Coop: Let’s meet in the morning so we can make a day of it.

Susie: Okay, so what is it? Is it like 9:00 or 9:30?

Coop: Well, let’s say 9:00, that way we can be here by 9:30.

McKinley: Well, no, why don’t we say 9:30, and then make it your beeswax to be here at 9:30? I mean, we’re all gonna be in our late 20s by then. I just don’t see any reason why we can’t be places on time.

Gary: Okay, then, it’s settled. 9:30 it is. All agreed?

Together: Agreed.

McKinley: Great, ‘cause I have something at 11:00.

Gary: You’ve just got like a trapper-keeper full of appointments, right?

McKinley: No, I just, I have something at 11:00, and I can’t change it, because I already moved it twice.

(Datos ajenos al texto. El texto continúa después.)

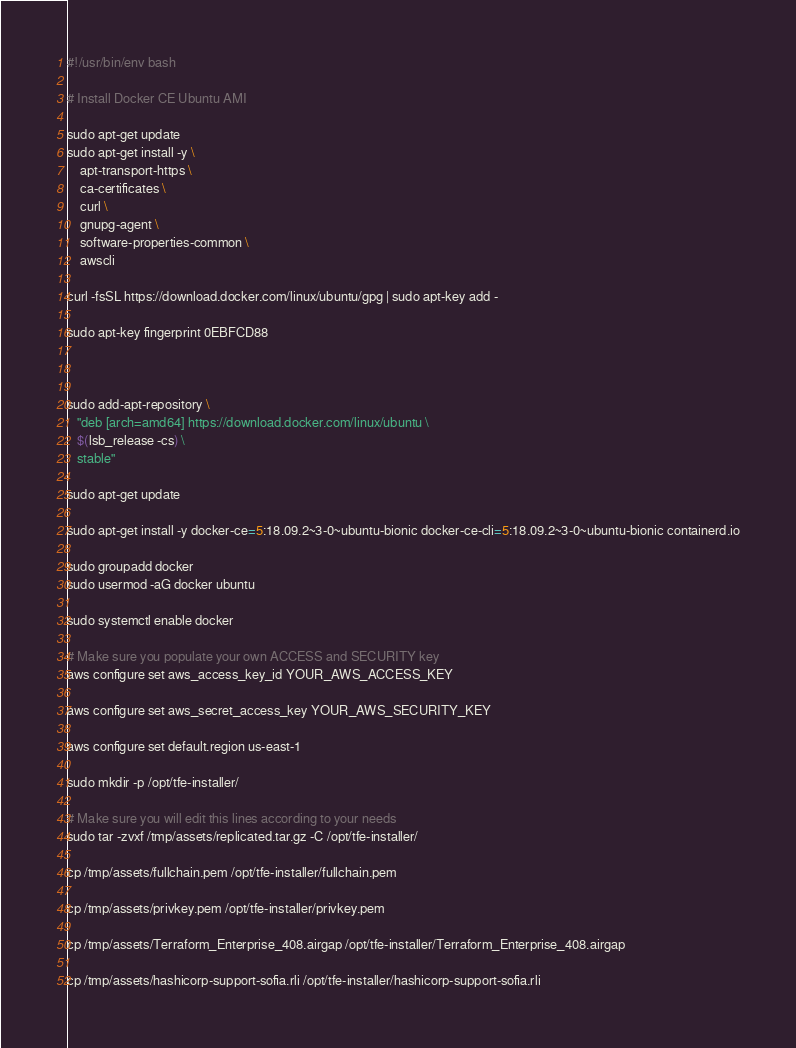Convert code to text. <code><loc_0><loc_0><loc_500><loc_500><_Bash_>#!/usr/bin/env bash

# Install Docker CE Ubuntu AMI

sudo apt-get update
sudo apt-get install -y \
    apt-transport-https \
    ca-certificates \
    curl \
    gnupg-agent \
    software-properties-common \
    awscli

curl -fsSL https://download.docker.com/linux/ubuntu/gpg | sudo apt-key add -

sudo apt-key fingerprint 0EBFCD88



sudo add-apt-repository \
   "deb [arch=amd64] https://download.docker.com/linux/ubuntu \
   $(lsb_release -cs) \
   stable"

sudo apt-get update

sudo apt-get install -y docker-ce=5:18.09.2~3-0~ubuntu-bionic docker-ce-cli=5:18.09.2~3-0~ubuntu-bionic containerd.io

sudo groupadd docker
sudo usermod -aG docker ubuntu

sudo systemctl enable docker

# Make sure you populate your own ACCESS and SECURITY key
aws configure set aws_access_key_id YOUR_AWS_ACCESS_KEY

aws configure set aws_secret_access_key YOUR_AWS_SECURITY_KEY

aws configure set default.region us-east-1

sudo mkdir -p /opt/tfe-installer/

# Make sure you will edit this lines according to your needs
sudo tar -zvxf /tmp/assets/replicated.tar.gz -C /opt/tfe-installer/

cp /tmp/assets/fullchain.pem /opt/tfe-installer/fullchain.pem

cp /tmp/assets/privkey.pem /opt/tfe-installer/privkey.pem

cp /tmp/assets/Terraform_Enterprise_408.airgap /opt/tfe-installer/Terraform_Enterprise_408.airgap

cp /tmp/assets/hashicorp-support-sofia.rli /opt/tfe-installer/hashicorp-support-sofia.rli
</code> 
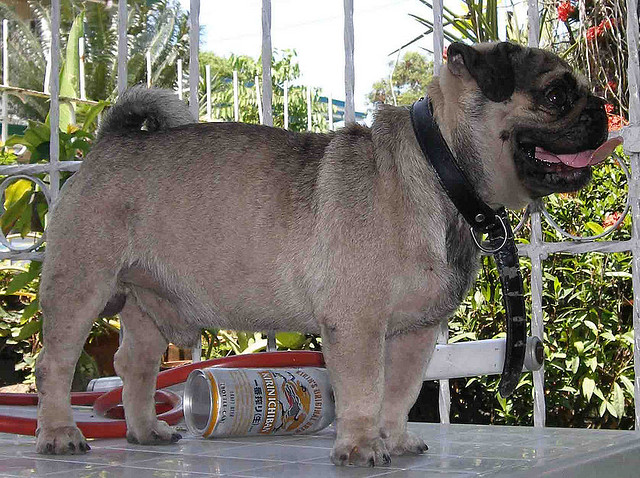Please extract the text content from this image. KIRIN CHIBAK 
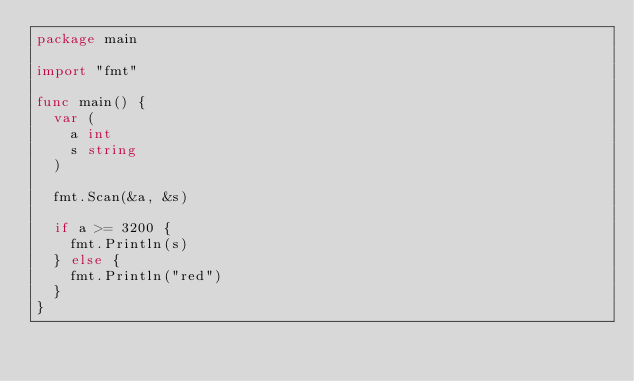<code> <loc_0><loc_0><loc_500><loc_500><_Go_>package main

import "fmt"

func main() {
	var (
		a int
		s string
	)

	fmt.Scan(&a, &s)

	if a >= 3200 {
		fmt.Println(s)
	} else {
		fmt.Println("red")
	}
}
</code> 
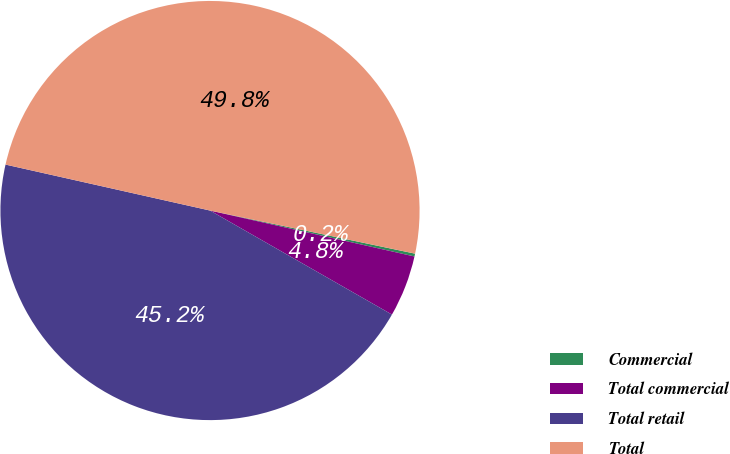<chart> <loc_0><loc_0><loc_500><loc_500><pie_chart><fcel>Commercial<fcel>Total commercial<fcel>Total retail<fcel>Total<nl><fcel>0.22%<fcel>4.75%<fcel>45.25%<fcel>49.78%<nl></chart>

La segunda, por otra parte, se trata de una parodia de las rom-coms actuales. En ella, nos topamos con una pareja enamorada (a pesar de todo lo que les rodea), una corporación de dulces que quiere eliminar a un pequeño negocio,  ninjas, mucho white supremacist, y numerosas fiestas de Halloween.

Aquí uno de sus diálogos:

Kyle: “So, Joel, Molly, how’d you two meet?”
Molly: “Kind of a corny, romantic comedy kind of story”
Joel: “That’s, that’s true!”
Karen: “Well, great story!”
Kyle: “Yeah, we should get together again very soon!”
Karen: “Yes!”
Joel: “We’re not done!”
Molly: “Yeah, sit down.”
Karen: “Well actually, you know, it’s getting so late.”
Molly: “Sit your ass down, Karen!”
Kyle: “Your story really is like a corny movie!”
Molly: “I know! The only difference is, it’s not a movie! It’s our real life!”

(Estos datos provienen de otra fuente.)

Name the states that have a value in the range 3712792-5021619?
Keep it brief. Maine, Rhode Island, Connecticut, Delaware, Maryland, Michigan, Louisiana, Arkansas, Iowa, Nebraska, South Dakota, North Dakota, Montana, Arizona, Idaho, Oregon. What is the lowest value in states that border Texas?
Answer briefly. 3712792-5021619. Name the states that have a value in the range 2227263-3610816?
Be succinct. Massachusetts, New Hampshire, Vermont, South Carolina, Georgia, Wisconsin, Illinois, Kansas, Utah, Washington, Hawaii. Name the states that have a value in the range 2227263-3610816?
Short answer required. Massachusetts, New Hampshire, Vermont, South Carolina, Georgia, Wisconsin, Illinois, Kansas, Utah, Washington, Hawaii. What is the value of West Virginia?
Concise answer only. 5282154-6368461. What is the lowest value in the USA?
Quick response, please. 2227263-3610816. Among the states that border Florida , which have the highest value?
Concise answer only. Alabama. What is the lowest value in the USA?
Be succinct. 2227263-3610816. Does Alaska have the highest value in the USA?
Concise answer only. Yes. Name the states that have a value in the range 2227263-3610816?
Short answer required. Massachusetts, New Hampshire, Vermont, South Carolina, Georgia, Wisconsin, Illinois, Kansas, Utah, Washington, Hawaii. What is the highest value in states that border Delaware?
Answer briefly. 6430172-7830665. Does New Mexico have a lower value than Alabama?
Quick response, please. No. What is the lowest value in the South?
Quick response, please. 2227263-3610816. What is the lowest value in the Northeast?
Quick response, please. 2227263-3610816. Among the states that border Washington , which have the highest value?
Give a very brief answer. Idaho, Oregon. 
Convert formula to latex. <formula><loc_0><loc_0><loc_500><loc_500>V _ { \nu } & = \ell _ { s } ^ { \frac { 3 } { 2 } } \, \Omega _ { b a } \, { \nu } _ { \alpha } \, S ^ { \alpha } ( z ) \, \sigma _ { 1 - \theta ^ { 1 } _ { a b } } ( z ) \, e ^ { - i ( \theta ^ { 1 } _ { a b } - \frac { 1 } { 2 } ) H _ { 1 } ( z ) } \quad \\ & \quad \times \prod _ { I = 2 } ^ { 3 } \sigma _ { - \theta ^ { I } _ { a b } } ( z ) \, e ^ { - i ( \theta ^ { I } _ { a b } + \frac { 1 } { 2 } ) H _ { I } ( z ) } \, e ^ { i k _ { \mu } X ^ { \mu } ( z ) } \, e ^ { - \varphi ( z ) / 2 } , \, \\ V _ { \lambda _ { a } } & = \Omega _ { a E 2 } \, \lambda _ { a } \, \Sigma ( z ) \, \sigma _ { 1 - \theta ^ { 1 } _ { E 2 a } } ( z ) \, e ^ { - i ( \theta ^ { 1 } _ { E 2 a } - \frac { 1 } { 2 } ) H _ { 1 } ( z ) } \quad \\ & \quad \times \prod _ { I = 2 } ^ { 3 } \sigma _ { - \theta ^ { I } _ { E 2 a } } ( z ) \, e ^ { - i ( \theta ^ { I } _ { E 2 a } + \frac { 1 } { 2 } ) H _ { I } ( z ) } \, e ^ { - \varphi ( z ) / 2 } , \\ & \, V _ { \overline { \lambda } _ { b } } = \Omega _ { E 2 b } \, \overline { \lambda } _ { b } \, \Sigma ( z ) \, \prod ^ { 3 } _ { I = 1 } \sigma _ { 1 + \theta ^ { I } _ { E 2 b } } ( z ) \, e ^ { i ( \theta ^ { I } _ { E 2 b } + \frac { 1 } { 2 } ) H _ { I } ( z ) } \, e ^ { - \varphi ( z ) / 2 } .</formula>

Ciertamente, la línea entre una película exagerada de humor gringo y de las meta-comedias es muy delgada. Tan delgada que muchas películas han intentado hacer algo como la segunda y terminan realizando un desastre de la primera (veáse ‘Scary Movie 2-5’, ‘Date Movie’ o ‘Not Another Teen Movie’ que se encuentra justo a la mitad).

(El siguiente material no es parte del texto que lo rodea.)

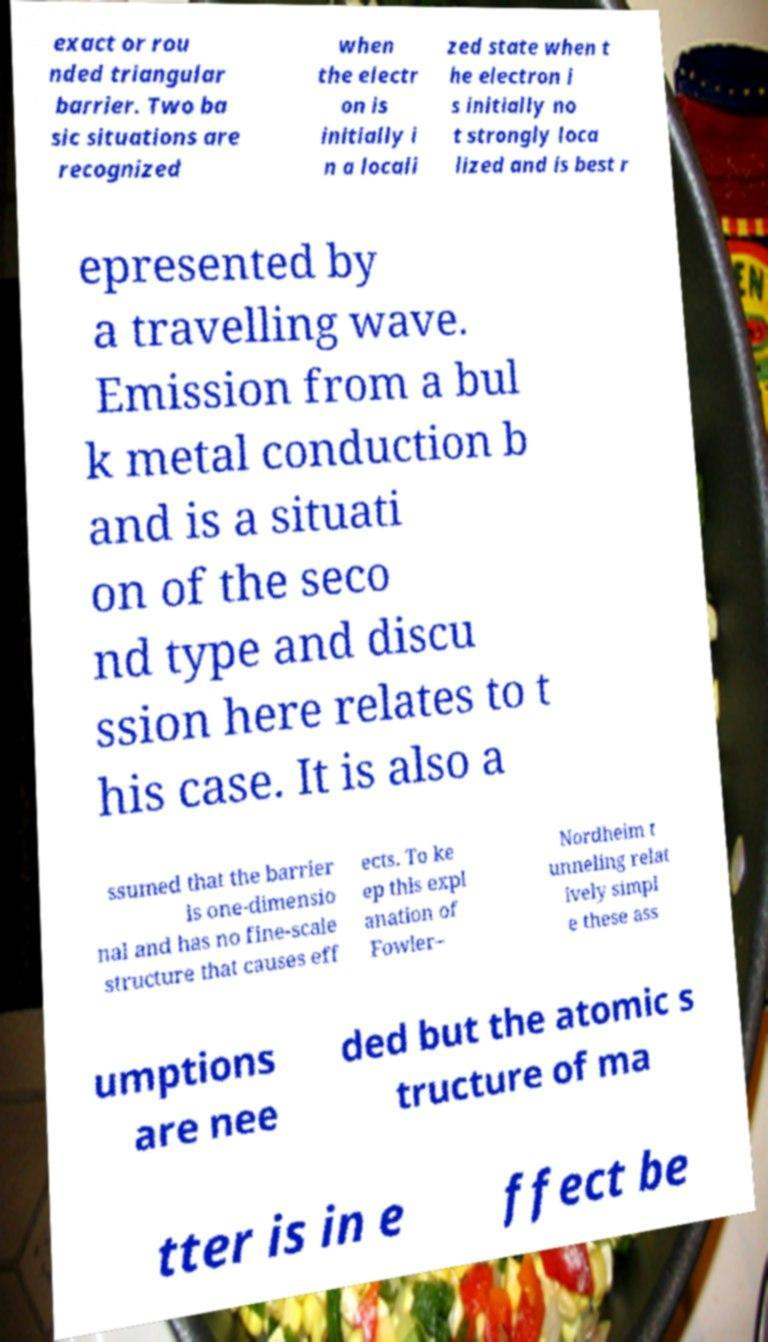Could you extract and type out the text from this image? exact or rou nded triangular barrier. Two ba sic situations are recognized when the electr on is initially i n a locali zed state when t he electron i s initially no t strongly loca lized and is best r epresented by a travelling wave. Emission from a bul k metal conduction b and is a situati on of the seco nd type and discu ssion here relates to t his case. It is also a ssumed that the barrier is one-dimensio nal and has no fine-scale structure that causes eff ects. To ke ep this expl anation of Fowler– Nordheim t unneling relat ively simpl e these ass umptions are nee ded but the atomic s tructure of ma tter is in e ffect be

Wet-Hot-American-Summer-Casting

Por ello, me gustaría invitarlos a ver alguna de estas dos películas -y sí de verdad les gusta, darle una oportunidad a la serie/precuela ‘Wet Hot American Summer: First Day Of Camp’ en Netflix- para poder entender la diferencia tan radical que existe entre ambas.

Por supuesto que muchas veces nos gusta ver una película y no pensar en nada más, sin embargo, resulta más atractivo disfrutar de una historia que pretende ser ridícula pero que tiene un discurso inteligente, y desenfadado, de fondo. Eso se agradece más.